■ What this task involves: The answer should be a single number, the count of lines in this material that contain "from".

━━━━━ Information shown

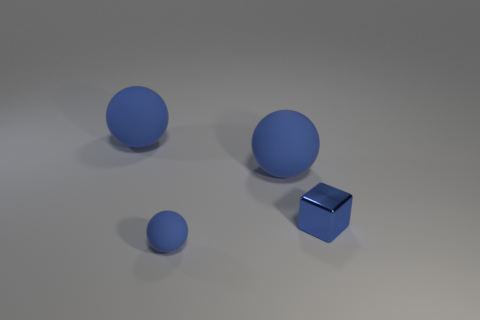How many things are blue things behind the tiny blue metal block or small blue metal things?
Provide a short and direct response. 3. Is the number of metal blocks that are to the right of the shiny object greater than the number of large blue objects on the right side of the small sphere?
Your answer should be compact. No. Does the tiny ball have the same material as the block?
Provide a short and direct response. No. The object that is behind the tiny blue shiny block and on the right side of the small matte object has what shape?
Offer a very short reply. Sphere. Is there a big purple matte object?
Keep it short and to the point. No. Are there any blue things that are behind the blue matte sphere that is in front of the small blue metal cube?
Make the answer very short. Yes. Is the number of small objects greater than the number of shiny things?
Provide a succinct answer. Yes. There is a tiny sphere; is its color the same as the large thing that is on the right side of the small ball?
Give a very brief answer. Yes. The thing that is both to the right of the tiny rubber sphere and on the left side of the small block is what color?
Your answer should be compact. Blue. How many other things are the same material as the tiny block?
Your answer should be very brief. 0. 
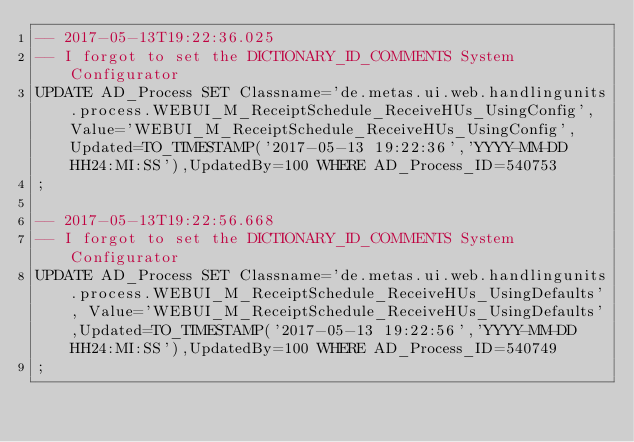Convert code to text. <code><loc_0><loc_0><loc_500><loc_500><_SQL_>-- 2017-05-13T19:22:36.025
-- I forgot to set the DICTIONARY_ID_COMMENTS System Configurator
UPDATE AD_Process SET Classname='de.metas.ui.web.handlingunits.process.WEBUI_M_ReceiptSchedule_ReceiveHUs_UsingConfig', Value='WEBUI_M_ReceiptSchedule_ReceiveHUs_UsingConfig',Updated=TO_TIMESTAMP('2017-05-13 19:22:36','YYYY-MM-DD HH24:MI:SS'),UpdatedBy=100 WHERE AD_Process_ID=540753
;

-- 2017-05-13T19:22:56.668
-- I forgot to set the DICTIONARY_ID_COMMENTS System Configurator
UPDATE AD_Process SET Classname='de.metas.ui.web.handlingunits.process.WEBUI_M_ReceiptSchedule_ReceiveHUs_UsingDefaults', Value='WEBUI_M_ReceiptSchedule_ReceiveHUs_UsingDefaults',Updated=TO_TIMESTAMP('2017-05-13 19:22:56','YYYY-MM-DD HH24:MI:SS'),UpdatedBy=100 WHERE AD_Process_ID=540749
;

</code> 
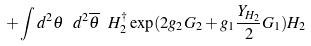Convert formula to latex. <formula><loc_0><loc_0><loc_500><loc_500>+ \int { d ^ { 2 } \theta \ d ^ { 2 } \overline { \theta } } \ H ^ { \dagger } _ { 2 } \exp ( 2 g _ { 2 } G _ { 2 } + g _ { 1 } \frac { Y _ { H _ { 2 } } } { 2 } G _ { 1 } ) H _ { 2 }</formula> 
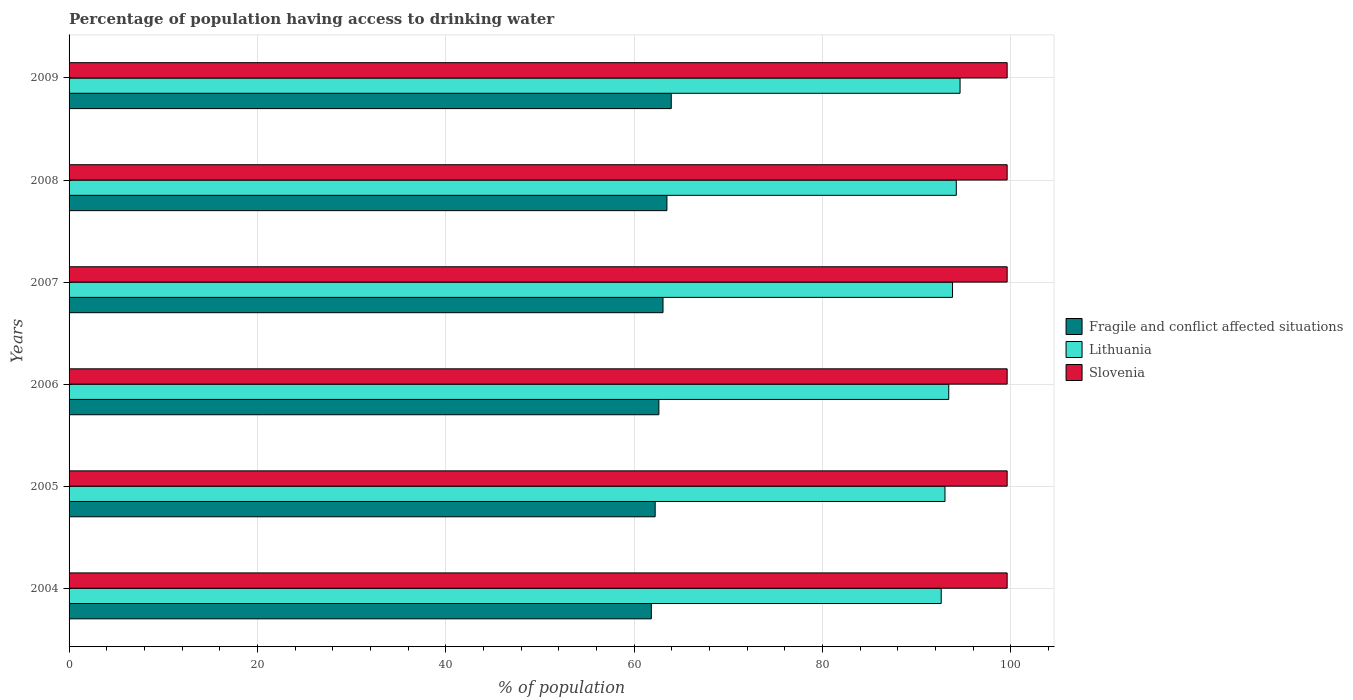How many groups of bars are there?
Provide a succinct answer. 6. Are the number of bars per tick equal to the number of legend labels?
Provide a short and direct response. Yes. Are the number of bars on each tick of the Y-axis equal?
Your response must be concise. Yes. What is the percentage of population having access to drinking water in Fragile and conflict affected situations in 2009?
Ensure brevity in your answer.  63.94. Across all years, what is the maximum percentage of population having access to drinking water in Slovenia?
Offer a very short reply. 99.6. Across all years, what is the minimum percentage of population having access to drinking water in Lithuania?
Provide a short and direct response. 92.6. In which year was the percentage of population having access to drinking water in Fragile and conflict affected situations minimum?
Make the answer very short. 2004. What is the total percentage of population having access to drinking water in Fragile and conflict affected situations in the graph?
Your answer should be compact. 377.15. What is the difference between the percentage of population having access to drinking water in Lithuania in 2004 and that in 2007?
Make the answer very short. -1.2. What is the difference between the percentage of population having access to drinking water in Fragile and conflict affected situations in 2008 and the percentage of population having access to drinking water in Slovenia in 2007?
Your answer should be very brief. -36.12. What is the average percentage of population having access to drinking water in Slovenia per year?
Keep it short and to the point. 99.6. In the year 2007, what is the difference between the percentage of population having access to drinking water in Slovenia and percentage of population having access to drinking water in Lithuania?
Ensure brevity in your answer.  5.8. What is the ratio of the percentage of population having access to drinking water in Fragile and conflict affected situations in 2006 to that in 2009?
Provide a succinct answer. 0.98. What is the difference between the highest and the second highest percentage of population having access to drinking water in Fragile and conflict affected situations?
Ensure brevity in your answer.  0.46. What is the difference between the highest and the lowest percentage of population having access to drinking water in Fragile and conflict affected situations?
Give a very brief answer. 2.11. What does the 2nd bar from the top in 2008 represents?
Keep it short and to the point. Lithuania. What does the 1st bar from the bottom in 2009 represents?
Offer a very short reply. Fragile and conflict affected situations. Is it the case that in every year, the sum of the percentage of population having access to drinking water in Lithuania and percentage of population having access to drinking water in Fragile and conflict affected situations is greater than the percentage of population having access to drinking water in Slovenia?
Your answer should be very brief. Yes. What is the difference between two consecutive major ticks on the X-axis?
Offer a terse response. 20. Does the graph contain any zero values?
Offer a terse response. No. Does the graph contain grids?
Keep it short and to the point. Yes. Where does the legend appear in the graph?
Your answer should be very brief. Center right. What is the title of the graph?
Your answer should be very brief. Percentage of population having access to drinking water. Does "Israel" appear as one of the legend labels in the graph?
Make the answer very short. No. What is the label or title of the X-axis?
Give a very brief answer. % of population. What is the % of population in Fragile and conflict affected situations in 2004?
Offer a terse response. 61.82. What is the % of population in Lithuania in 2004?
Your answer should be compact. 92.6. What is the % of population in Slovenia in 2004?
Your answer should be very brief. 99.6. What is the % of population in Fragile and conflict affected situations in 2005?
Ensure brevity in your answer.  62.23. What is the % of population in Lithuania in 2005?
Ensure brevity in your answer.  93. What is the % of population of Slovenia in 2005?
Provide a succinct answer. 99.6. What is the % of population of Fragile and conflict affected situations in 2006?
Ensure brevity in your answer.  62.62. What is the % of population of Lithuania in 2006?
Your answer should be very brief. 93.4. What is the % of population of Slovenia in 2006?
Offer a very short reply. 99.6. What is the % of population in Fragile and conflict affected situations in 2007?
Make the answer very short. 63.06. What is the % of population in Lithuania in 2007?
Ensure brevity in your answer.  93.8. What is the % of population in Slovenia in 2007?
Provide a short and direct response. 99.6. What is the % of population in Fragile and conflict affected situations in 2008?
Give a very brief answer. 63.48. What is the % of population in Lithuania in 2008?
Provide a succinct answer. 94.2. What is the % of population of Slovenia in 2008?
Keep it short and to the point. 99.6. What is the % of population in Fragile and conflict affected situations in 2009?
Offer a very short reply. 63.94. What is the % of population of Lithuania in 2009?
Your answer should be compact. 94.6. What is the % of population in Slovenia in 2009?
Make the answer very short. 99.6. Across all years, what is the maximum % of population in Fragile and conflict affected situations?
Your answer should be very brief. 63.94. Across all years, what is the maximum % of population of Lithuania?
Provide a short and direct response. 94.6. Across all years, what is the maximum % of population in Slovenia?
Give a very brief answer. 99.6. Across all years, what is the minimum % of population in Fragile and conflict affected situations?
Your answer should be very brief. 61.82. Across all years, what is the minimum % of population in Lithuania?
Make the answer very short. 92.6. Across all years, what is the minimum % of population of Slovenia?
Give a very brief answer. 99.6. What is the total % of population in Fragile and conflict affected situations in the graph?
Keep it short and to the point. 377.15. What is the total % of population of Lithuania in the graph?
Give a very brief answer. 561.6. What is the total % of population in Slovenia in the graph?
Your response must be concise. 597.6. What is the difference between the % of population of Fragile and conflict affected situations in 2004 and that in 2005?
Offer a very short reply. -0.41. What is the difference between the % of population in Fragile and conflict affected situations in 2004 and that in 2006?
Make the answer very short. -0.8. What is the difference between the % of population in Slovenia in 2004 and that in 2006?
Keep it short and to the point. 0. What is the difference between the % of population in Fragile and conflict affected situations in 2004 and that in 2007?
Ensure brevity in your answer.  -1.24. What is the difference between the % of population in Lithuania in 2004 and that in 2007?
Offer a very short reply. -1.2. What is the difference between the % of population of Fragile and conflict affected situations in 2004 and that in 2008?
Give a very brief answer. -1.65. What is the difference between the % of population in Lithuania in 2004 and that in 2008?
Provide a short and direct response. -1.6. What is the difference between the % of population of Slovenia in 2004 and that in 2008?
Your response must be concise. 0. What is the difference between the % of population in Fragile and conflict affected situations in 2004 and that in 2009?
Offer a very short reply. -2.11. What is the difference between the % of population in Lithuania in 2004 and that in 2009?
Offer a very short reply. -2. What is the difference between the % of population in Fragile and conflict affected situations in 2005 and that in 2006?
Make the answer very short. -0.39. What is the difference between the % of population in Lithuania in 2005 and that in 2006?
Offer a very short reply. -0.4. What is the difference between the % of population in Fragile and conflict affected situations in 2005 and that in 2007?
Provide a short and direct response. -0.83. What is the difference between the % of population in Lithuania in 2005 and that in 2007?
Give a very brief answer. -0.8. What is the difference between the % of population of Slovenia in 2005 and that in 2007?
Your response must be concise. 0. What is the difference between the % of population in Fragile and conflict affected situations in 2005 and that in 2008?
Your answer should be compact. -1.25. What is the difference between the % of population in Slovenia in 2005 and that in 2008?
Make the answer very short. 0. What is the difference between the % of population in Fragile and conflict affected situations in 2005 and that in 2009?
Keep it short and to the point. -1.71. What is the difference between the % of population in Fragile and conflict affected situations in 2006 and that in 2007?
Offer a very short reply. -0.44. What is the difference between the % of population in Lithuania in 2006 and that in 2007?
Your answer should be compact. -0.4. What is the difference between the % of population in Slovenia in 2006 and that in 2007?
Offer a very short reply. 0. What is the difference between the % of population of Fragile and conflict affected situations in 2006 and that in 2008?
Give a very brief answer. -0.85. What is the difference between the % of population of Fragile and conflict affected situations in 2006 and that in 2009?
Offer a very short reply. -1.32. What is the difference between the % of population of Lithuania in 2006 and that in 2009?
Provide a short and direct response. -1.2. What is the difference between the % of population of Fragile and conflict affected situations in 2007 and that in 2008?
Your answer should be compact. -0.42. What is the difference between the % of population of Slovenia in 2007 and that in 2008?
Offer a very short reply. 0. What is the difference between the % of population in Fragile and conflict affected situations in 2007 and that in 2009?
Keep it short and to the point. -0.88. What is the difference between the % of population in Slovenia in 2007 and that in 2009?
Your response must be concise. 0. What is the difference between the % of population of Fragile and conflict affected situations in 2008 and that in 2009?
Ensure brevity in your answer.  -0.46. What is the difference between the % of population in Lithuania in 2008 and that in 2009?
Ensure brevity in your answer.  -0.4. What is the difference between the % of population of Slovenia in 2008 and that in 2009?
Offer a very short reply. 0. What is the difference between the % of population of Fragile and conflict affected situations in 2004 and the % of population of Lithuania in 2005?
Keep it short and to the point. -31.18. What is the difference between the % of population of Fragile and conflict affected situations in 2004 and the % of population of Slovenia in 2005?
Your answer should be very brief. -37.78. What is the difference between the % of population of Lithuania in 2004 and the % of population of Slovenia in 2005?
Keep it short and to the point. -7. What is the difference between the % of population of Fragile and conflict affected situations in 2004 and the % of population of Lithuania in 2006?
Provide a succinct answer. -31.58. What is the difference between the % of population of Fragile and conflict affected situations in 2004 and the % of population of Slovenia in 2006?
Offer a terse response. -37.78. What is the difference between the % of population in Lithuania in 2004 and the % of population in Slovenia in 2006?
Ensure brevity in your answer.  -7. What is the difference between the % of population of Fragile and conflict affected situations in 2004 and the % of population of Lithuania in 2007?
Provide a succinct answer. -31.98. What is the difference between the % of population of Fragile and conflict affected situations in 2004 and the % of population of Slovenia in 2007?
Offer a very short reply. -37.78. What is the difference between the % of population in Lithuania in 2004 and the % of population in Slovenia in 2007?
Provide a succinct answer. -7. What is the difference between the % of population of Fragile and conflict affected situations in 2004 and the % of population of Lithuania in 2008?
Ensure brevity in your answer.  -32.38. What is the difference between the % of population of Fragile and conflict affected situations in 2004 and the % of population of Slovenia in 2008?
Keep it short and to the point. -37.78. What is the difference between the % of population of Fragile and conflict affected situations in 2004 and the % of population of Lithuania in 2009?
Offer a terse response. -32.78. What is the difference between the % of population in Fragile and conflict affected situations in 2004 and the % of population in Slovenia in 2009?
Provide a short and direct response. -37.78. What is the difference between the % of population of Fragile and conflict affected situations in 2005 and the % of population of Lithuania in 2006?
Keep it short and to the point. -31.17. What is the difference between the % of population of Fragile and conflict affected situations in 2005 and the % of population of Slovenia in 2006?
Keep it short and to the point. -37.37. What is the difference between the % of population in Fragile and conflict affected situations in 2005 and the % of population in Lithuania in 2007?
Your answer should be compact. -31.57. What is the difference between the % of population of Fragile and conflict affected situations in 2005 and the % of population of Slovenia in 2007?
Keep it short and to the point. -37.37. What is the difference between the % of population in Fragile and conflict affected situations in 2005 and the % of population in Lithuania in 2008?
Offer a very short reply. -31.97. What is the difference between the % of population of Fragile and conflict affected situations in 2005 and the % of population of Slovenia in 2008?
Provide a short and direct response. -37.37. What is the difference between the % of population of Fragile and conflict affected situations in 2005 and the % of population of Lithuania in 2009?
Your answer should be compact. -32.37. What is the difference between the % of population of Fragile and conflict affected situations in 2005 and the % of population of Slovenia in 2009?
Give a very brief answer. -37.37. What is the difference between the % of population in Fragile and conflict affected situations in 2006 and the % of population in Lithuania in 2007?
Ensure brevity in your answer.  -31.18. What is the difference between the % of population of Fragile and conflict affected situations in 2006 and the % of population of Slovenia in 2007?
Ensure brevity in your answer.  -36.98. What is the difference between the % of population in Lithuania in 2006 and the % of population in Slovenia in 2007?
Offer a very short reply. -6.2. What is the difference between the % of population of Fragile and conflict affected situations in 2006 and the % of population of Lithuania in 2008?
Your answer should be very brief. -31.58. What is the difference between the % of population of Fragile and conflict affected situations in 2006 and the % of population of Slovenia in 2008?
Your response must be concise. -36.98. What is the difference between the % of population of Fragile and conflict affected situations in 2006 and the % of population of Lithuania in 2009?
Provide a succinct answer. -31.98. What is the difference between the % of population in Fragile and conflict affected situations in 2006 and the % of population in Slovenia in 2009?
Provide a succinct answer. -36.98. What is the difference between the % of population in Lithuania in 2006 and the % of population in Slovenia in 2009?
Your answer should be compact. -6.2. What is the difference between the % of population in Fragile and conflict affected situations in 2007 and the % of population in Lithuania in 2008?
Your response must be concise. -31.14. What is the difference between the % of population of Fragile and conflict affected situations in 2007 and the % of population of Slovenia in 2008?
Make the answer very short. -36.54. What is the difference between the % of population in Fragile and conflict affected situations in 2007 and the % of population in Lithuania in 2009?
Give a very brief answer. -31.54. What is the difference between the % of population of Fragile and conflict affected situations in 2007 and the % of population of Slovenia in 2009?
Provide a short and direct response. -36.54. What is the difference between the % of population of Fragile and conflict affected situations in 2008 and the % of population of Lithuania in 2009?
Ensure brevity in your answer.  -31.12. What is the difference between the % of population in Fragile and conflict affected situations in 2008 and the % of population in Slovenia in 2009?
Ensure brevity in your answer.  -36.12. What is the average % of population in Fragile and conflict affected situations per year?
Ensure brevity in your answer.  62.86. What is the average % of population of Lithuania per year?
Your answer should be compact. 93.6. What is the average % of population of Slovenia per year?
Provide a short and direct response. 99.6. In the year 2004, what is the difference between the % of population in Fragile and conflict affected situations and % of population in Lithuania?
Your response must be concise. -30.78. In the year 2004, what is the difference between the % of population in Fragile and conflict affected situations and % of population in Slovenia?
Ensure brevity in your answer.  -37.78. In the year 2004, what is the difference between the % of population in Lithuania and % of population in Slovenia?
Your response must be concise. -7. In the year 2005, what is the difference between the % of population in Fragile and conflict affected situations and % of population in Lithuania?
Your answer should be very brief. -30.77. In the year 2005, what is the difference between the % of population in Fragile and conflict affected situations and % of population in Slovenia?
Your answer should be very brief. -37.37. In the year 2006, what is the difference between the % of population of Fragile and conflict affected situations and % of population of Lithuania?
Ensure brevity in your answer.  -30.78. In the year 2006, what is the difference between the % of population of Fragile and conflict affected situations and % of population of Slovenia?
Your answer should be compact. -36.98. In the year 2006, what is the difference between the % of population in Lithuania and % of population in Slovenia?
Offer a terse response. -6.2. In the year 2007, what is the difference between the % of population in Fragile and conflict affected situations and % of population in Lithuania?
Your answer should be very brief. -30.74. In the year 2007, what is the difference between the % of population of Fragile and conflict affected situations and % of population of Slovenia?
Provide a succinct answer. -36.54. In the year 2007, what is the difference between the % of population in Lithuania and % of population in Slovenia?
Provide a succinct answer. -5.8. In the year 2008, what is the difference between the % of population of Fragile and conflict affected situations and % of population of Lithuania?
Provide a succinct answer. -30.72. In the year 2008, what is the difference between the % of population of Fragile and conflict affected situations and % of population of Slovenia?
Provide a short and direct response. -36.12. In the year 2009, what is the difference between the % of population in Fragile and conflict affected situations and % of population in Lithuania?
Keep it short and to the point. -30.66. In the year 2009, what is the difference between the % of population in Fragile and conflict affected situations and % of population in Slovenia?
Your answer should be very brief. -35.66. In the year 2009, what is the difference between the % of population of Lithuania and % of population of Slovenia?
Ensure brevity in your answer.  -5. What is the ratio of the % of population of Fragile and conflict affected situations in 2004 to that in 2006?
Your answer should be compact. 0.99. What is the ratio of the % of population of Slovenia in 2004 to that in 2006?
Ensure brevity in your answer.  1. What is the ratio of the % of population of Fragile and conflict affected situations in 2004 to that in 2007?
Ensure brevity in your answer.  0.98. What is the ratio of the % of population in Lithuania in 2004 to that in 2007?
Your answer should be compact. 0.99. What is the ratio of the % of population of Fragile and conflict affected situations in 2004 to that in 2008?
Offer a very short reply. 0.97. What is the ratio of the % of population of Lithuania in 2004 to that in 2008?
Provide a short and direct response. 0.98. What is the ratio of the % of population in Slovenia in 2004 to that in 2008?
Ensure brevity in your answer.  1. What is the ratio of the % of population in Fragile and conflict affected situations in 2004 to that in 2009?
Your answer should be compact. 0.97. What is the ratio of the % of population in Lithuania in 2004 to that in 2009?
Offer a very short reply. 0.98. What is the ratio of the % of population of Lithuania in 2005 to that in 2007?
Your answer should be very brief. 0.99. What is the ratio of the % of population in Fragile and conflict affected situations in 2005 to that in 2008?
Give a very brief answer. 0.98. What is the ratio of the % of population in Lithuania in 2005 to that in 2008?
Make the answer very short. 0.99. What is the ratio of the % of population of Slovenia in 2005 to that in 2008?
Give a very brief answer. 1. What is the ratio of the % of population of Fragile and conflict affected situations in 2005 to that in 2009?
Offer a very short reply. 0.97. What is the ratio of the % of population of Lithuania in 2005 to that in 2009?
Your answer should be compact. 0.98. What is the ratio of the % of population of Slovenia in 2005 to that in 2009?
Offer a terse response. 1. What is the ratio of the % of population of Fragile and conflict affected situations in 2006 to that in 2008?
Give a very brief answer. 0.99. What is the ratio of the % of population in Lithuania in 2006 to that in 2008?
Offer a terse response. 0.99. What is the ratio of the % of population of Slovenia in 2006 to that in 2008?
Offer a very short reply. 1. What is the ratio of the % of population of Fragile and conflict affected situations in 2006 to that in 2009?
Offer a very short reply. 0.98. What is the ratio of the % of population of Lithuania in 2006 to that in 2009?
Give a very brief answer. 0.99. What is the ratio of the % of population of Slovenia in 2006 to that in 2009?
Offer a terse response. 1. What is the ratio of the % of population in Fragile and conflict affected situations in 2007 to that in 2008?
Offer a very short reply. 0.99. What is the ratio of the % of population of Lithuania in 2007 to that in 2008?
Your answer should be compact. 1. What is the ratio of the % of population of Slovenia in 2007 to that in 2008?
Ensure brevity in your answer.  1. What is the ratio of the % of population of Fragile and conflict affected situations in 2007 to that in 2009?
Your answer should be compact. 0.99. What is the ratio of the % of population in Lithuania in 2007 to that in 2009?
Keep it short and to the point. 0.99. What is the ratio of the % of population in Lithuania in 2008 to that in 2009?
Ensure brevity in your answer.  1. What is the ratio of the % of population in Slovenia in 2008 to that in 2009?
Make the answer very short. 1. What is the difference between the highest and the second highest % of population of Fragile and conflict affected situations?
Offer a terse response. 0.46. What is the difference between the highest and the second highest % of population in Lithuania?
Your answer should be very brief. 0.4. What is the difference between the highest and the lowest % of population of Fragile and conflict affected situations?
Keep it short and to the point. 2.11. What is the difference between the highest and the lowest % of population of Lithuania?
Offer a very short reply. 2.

━━━━━━━━━━

■ Answer for this exercise: 2